If $T_d$ is known at the receiver, we can can compensate for $T_d$ and since $n(t)$ is wide-sense stationary, shifting $n(t)$ does not change the statistics of the noise. Hence, this case is identical to that of coherent detection and ideas developed in the previous section apply here directly. Our interest in this section is in the case when $T_d$ is not known at the receiver. In this case, we would like to know what the structure of the optimal detector is and what the ensuing probability of error will be.
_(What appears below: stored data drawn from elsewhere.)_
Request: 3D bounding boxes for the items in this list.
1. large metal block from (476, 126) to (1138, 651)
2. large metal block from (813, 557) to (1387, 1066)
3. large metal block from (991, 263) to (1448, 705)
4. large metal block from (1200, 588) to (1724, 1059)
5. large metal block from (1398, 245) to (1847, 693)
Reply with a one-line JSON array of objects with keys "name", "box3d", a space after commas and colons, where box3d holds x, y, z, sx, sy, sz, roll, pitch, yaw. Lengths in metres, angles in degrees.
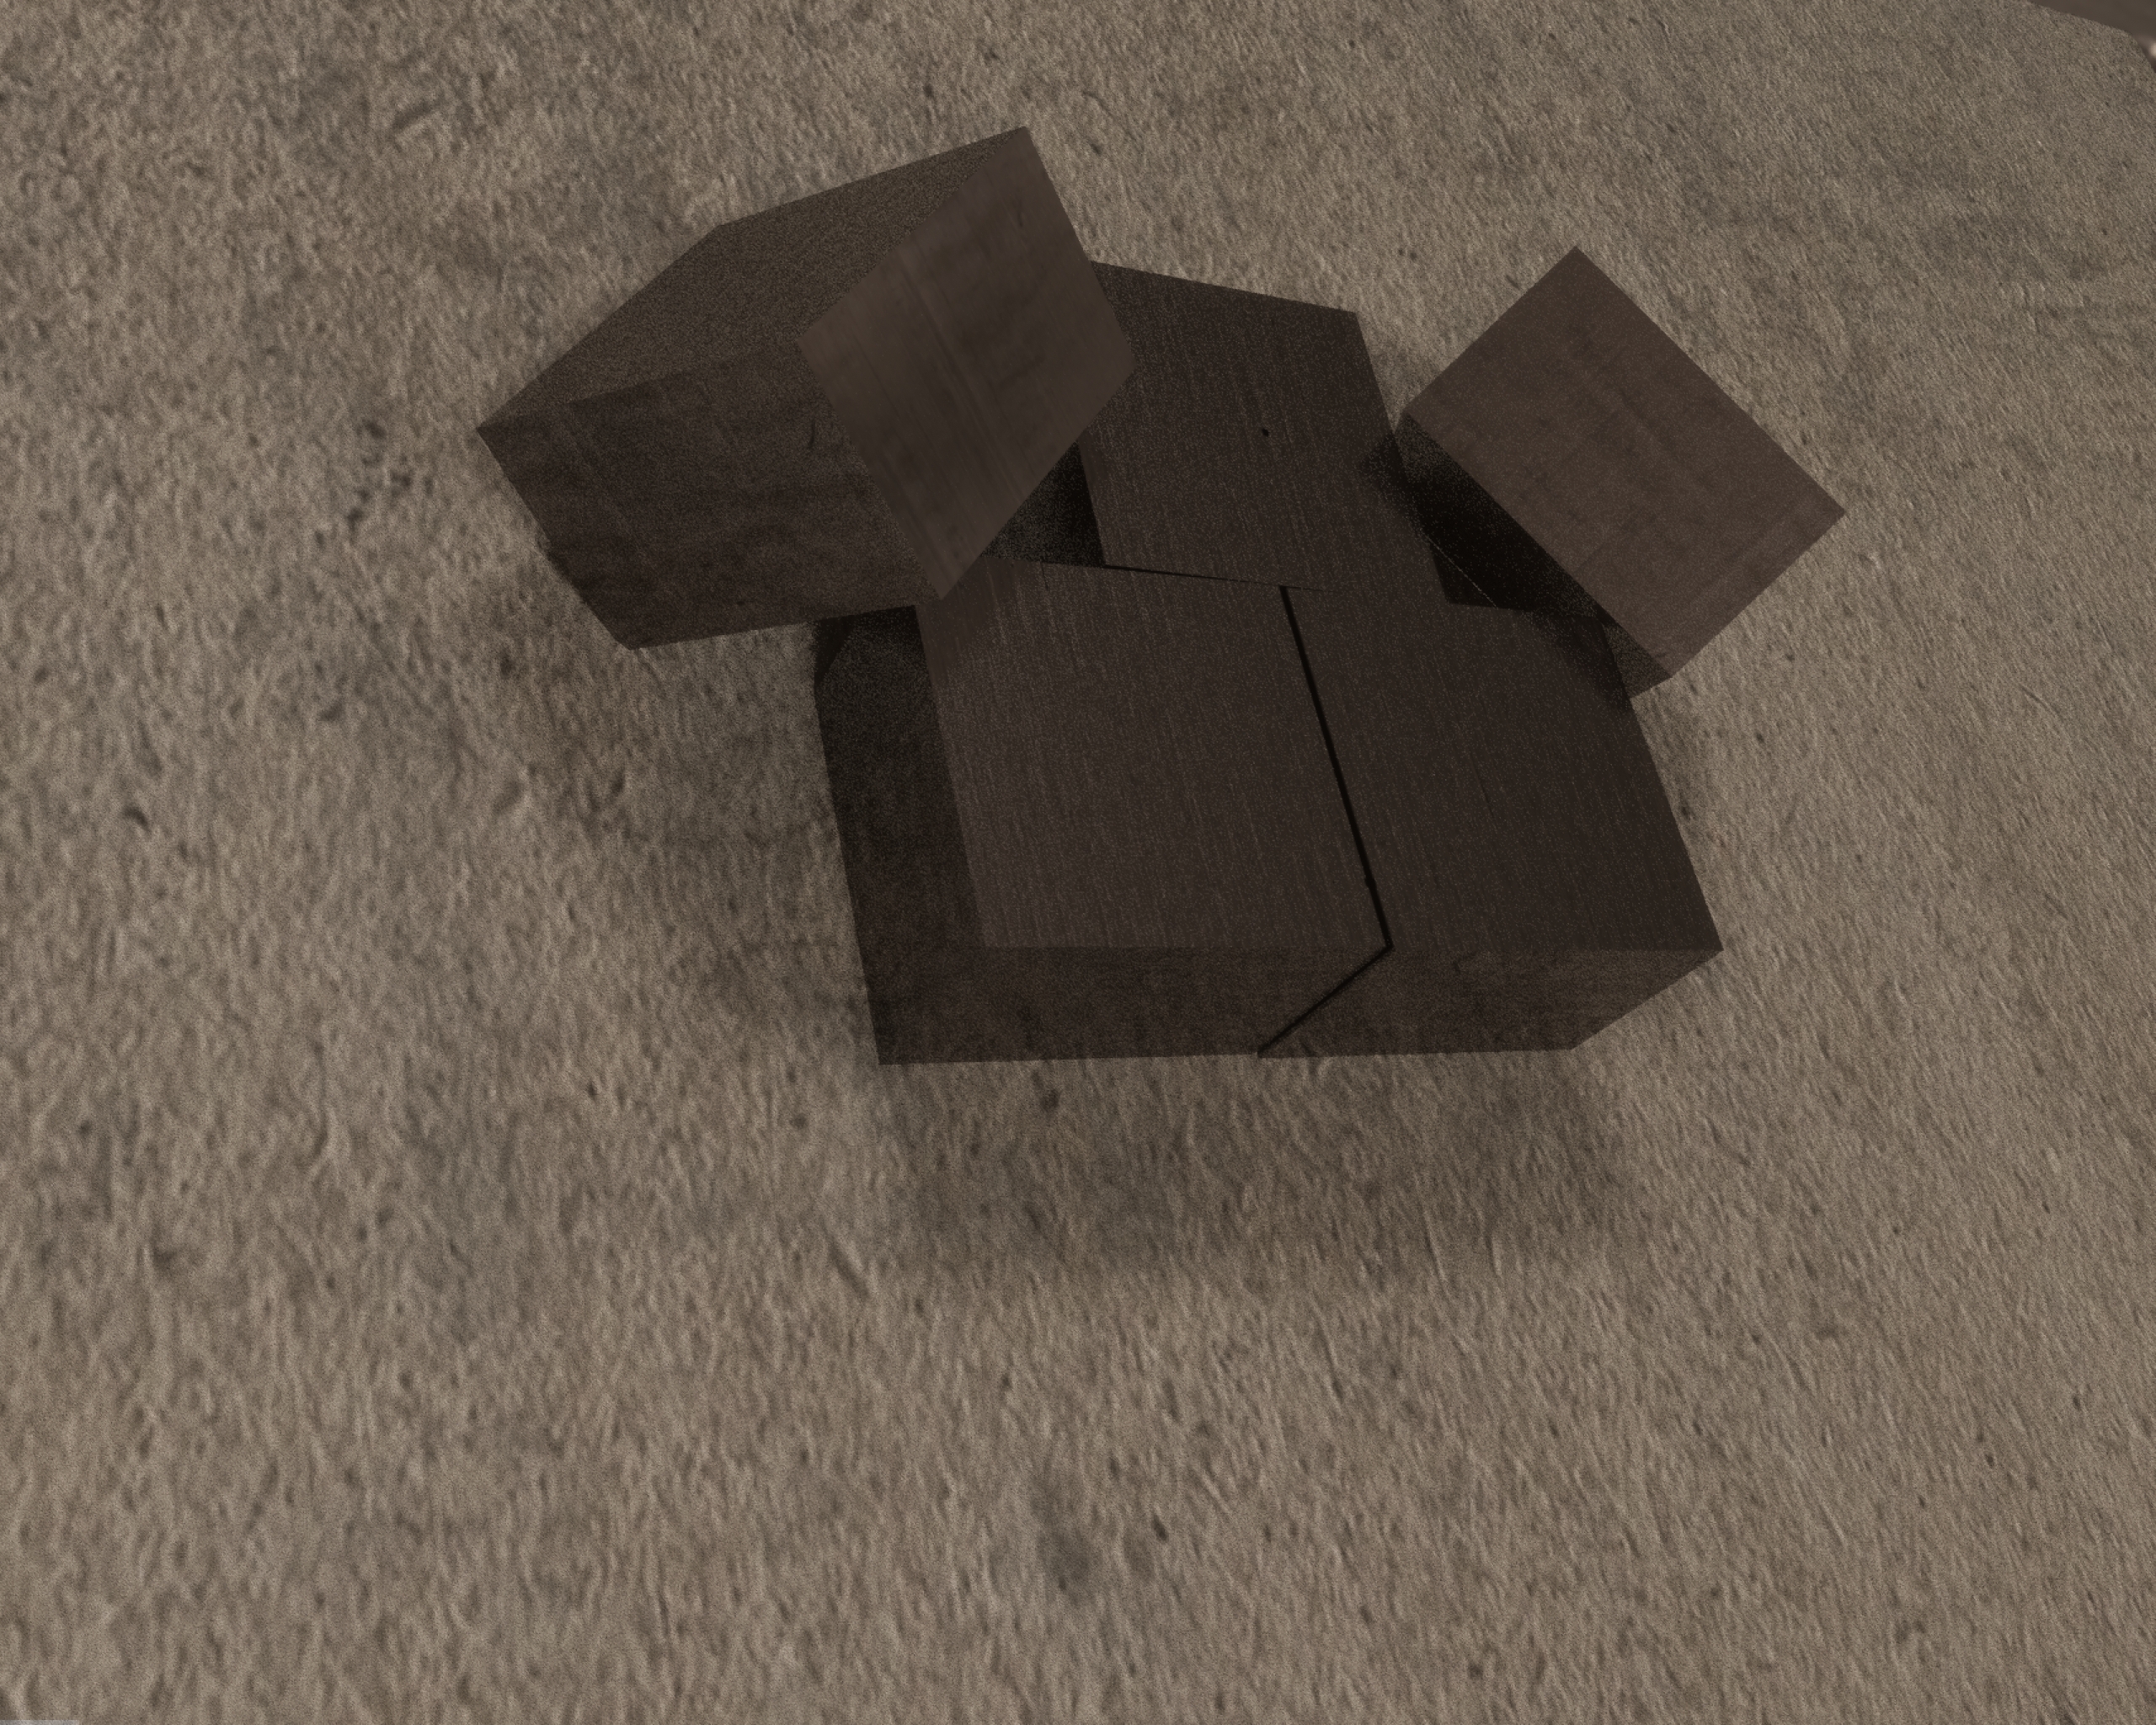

## Equivalent Baseband model

To understand these, it is easier to work with the baseband model. Let us first understand the effect of the random time delay on the baseband model. To see this, consider the passband received signal when $s_m(t)$ is transmitted.

(2)
\begin{align} r(t) = \Re\{(s_{ml}(t-T_d) + n_l(t-T_d) )e^{j 2 \pi f_0 (t-T_d)} \} = \Re\{(s_{ml}(t-T_d) e^{j 2 \pi f_0 T_d} + \tilde{n}_l(t) )e^{j 2 \pi f_0 t) \} \end{align}

where $\tilde{n}_l(t)$ has the same statistics as $n_l(t)$ since $n_l(t)$ is circularly symmetric. The equivalent baseband signal is that $r_l(t) = s_{ml}(t-T_d) e^{j 2 \pi f_0 T_d} + n_l(t)$. Notice that the channel introduces a time shift to $s_l(t)$ and a phase shift $\phi = 2 \pi f_0 T_d$ to the complex baseband equivalent signal. Typically, we are interested in cases where $T_d << T_s$, the symbol duration and hence $s_{ml}(t) \approx s_{ml}(t-T_d)$; however, $f_0 T_d$ cannot be ignored since $f_0$ is very large. Hence, the net effect is that there is a phase rotation introduced to the baseband equivalent signal. If you are not convinced of this here is an example below to illustrate this

Thus, we can form an equivalent baseband representation where the baseband equivalent signal $r_l(t)$ and the projections of $r_l(t)$ on to the baseband equivalent basis functions $\phi_{li}(t)$ are given by

(3)
\begin{eqnarray} r_l(t) & = & e^{j \phi} s_{ml}(t) + n_l(t) \\ \nonumber \underline{r}_l & = & e^{j \phi} \underline{s}_{ml} + \underline{n}_l \end{eqnarray}

where $\phi$ is a random variable. We will assume that the (prior) distribution of $\phi$, namely $p_{\phi}(\phi)$ is known to the receiver but the realization is unknown.

## Non-coherent Detection

In the above expression we observe that if $\phi$ is known we can perform coherent detection.However in practise $\phi$ is never known at the reciever.If we make no attempt to estimate it and try to detect signals then it is called Non-coherent detection.We will assume that the (prior) distribution of $\phi$, namely $p_{\phi}(\phi)$ is known to the receiver but the realization is unknown.

### MAP detector

Consider,

(4)
\begin{align} P(\underline{s}_m | \underline{r}) = \frac {P(\underline{r}|\underline{s}_m) P(\underline{s}_m)} {P(\underline{r})} \end{align}

Assume $P(\underline{s}_m = \frac{1}{M}$. Therefore we have the decision,

(5)
\begin{align} \hat{m} = \mbox{ arg } \max_m P(\underline{r}|\underline{s}_m) \end{align}
(6)
\begin{eqnarray} P(\underline{r}|\underline{s}_m) &=& \int P(\underline{r}, \phi|\underline{s}_m) d\phi \\ &=& \int P(\underline{r}|\underline{s}_m, \phi) P(\phi| \underline{s}_m) d\phi \\ \end{eqnarray}
(7)
\begin{align} P(\underline{r}|\underline{s}_m) = \int_0^{2\pi} P(\underline{r}|\underline{s}_m, \phi) P(\phi) d\phi \end{align}

We will now study about the optimal detector for $P(\phi) = \frac{1}{2\pi}$ and over an AWGN channel.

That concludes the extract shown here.